Your instructions: Below are some records. Count the lines with "alphaTex" in them and give nothing but the total.
____ Exercise material
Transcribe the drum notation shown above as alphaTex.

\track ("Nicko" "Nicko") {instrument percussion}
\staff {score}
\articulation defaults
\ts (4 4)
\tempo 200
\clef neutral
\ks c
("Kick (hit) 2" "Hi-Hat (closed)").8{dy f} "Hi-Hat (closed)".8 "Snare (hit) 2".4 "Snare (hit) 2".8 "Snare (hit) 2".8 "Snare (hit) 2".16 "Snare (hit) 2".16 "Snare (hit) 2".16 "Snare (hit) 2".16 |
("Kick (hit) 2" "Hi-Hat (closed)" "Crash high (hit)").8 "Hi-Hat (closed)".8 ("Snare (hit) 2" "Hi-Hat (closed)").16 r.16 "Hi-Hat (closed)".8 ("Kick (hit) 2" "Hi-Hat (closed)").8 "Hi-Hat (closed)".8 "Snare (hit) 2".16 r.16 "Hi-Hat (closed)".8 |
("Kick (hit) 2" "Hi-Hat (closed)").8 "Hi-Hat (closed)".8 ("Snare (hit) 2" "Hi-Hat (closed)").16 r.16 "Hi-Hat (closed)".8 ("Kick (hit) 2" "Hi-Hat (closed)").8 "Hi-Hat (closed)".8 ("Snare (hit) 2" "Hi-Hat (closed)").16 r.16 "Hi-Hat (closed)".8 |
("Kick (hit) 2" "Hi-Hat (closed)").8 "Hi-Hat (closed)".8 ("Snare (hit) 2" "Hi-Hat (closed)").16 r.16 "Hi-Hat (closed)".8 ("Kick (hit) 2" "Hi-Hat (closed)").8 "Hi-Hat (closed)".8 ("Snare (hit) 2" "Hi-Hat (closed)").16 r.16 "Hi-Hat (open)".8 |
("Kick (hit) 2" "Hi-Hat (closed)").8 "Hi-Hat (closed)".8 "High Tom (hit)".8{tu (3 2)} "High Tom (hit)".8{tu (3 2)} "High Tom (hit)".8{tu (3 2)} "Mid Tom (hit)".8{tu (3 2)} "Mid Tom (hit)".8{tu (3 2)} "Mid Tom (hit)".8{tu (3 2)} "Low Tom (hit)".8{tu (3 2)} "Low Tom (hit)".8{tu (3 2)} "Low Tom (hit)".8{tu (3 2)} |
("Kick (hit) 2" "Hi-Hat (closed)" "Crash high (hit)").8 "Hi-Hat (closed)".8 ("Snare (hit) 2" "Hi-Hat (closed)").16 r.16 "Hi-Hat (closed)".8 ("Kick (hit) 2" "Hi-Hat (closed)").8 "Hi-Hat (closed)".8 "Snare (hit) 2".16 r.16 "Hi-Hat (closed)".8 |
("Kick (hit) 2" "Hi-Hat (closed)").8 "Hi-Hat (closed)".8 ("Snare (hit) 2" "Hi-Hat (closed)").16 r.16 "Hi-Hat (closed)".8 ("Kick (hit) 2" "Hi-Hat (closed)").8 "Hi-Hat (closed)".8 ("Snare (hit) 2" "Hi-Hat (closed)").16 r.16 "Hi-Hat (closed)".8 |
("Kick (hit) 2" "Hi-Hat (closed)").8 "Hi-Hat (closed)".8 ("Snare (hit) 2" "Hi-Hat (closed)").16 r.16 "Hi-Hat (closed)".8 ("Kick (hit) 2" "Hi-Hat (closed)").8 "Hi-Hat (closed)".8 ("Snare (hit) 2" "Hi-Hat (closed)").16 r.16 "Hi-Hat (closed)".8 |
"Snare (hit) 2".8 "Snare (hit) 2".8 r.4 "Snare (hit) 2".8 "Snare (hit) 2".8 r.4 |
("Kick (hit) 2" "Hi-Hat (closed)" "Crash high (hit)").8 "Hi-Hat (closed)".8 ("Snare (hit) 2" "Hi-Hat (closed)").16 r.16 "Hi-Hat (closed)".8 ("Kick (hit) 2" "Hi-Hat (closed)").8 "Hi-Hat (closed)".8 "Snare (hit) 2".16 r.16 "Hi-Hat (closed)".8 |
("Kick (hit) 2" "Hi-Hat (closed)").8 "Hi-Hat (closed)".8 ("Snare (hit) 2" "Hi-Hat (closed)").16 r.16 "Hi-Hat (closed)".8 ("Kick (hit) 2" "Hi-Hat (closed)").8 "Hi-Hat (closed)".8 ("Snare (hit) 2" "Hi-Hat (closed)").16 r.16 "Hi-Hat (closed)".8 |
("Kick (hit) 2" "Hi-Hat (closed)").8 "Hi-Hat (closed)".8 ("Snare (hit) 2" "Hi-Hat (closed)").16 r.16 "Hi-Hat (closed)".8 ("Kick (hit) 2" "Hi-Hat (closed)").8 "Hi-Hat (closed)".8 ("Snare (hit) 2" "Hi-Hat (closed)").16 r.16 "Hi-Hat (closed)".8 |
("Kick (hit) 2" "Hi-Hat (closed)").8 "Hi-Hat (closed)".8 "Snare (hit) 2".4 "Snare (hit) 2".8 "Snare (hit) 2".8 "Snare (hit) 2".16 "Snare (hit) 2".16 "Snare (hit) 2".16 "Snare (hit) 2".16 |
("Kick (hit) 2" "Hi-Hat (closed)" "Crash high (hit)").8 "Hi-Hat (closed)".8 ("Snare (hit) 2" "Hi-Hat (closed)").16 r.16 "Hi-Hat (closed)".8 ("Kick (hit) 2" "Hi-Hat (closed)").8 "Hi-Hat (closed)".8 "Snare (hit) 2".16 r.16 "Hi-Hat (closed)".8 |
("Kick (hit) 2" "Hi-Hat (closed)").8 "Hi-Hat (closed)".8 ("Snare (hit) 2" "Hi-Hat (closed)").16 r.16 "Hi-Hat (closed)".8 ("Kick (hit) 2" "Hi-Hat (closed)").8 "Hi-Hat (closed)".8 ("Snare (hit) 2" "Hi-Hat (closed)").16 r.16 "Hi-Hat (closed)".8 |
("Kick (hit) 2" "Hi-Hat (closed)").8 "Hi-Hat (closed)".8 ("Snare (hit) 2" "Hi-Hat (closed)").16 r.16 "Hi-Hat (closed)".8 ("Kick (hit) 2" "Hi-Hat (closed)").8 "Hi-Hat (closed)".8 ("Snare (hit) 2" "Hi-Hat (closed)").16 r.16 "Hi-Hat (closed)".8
________
____ Exercise material
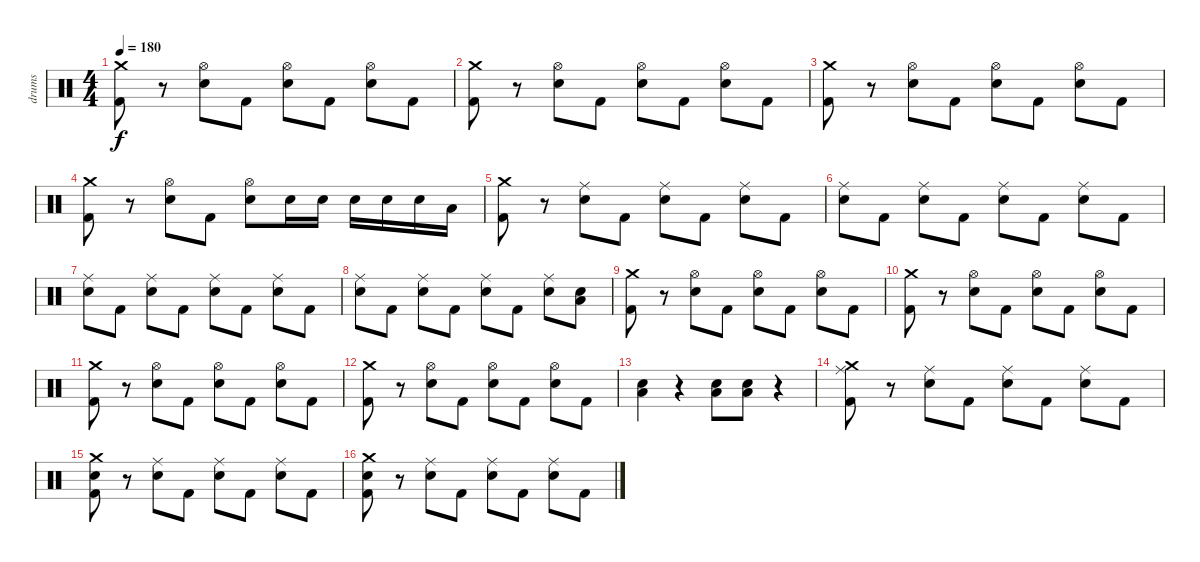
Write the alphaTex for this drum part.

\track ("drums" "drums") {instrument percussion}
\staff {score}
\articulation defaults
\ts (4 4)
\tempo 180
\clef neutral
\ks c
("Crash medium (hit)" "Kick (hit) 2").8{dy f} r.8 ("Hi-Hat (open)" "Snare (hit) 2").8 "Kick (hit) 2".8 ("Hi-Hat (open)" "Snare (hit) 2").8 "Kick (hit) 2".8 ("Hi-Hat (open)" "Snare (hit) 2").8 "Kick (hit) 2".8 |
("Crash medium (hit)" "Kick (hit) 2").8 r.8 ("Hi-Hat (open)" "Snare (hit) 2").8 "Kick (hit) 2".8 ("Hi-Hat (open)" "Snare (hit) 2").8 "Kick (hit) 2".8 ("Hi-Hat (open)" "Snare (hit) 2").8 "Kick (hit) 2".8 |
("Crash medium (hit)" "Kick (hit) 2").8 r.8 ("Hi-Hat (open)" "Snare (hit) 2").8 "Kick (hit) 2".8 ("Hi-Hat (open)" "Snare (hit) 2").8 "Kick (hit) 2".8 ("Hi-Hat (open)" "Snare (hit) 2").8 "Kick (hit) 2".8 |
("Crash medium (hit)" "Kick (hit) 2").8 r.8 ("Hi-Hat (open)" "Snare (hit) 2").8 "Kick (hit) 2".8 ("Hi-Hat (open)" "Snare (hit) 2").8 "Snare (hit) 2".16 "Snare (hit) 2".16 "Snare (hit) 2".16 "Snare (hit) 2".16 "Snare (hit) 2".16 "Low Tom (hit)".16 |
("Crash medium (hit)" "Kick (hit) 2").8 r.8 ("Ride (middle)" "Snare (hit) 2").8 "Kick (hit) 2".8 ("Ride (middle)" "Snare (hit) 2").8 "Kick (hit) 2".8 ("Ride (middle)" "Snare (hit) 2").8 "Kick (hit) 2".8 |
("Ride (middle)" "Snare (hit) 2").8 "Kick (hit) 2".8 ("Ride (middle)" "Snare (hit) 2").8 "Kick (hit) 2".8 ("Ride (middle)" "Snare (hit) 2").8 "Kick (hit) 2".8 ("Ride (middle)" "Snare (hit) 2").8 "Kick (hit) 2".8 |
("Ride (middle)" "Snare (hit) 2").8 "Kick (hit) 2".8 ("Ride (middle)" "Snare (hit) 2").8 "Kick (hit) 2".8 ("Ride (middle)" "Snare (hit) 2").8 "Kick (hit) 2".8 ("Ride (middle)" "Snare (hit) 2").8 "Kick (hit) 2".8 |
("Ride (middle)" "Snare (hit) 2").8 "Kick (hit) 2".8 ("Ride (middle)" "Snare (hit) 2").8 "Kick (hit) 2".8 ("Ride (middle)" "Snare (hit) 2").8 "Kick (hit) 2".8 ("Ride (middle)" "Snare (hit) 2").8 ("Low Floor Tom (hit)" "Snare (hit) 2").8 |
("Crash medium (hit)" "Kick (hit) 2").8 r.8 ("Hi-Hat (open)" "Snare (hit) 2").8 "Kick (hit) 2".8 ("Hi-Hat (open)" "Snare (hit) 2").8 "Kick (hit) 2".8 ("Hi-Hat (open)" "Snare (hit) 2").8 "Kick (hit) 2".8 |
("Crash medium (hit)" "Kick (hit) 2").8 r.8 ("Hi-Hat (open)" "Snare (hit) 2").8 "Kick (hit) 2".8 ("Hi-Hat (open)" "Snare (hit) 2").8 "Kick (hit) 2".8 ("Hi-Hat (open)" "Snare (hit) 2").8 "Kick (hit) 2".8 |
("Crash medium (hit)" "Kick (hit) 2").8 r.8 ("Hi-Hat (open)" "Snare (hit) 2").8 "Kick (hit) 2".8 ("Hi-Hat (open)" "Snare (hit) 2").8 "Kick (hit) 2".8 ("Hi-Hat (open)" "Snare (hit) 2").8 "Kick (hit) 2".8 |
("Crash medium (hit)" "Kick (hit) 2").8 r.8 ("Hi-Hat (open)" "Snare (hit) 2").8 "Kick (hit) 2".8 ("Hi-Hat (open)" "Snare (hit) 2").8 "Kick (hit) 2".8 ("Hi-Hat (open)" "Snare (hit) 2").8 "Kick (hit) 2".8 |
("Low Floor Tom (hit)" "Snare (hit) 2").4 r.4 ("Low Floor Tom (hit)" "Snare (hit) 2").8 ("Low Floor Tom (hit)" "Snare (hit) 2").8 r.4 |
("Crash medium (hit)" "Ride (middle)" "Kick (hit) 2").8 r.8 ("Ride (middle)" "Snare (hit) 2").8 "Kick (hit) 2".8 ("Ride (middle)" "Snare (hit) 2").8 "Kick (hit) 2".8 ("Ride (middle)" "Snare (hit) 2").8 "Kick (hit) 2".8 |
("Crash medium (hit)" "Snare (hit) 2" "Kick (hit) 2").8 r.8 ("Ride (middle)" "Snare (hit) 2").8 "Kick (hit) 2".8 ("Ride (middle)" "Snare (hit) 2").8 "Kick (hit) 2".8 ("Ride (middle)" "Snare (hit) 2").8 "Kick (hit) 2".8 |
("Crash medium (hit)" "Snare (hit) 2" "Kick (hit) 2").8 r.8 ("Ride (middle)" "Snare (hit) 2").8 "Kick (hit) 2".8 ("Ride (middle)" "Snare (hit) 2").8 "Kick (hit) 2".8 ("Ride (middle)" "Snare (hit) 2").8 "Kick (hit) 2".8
________
Worked solution: 2